Improving Interpretability and Robustness for the Detection of AI-Generated Images
This work addresses the robustness of AI-generated image detection, which is crucial for security and media integrity, but it is incremental as it builds on existing methods.
The paper tackled the problem of poor generalization in AI-generated image detectors by analyzing existing methods and proposing two improvements, which increased the mean out-of-distribution classification score by up to 6% for cross-model transfer.

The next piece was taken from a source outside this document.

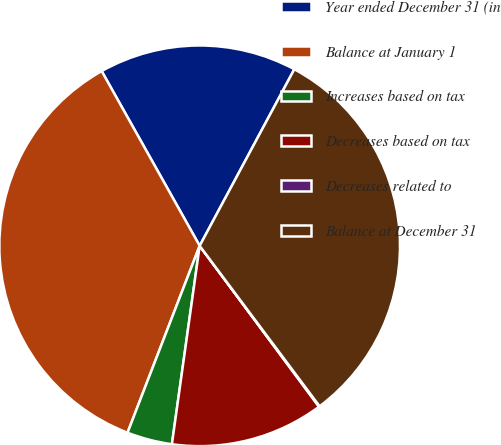Convert chart. <chart><loc_0><loc_0><loc_500><loc_500><pie_chart><fcel>Year ended December 31 (in<fcel>Balance at January 1<fcel>Increases based on tax<fcel>Decreases based on tax<fcel>Decreases related to<fcel>Balance at December 31<nl><fcel>15.97%<fcel>36.0%<fcel>3.65%<fcel>12.37%<fcel>0.06%<fcel>31.95%<nl></chart> 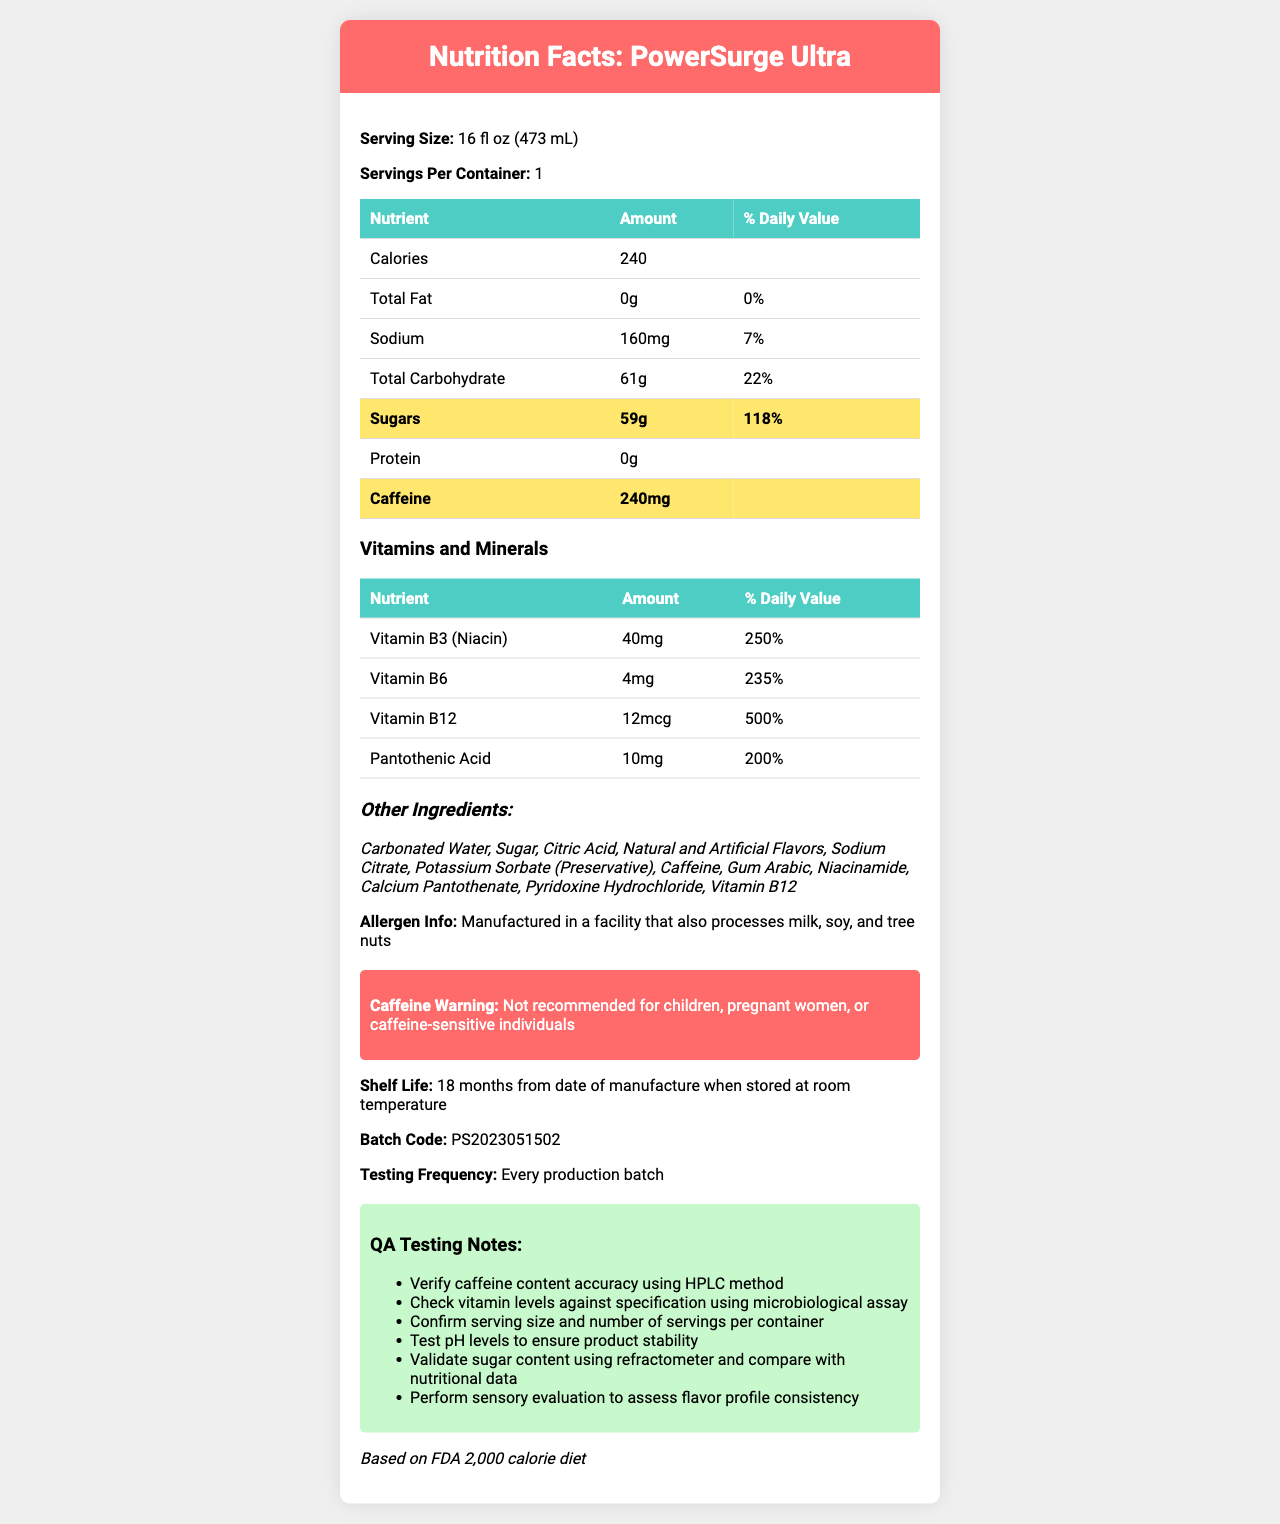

With growing abilities of generative models, artificial content detection becomes an increasingly important and difficult task. However, all popular approaches to this problem suffer from poor generalization across domains and generative models. In this work, we focus on the robustness of AI-generated image (AIGI) detectors. We analyze existing state-of-the-art AIGI detection methods based on frozen CLIP embeddings and show how to interpret them, shedding light on how images produced by various AI generators differ from real ones. Next we propose two ways to improve robustness: based on removing harmful components of the embedding vector and based on selecting the best performing attention heads in the image encoder model. Our methods increase the mean out-of-distribution (OOD) classification score by up to 6% for cross-model transfer. We also propose a new dataset for AIGI detection and use it in our evaluation; we believe this dataset will help boost further research. The dataset and code are provided as a supplement.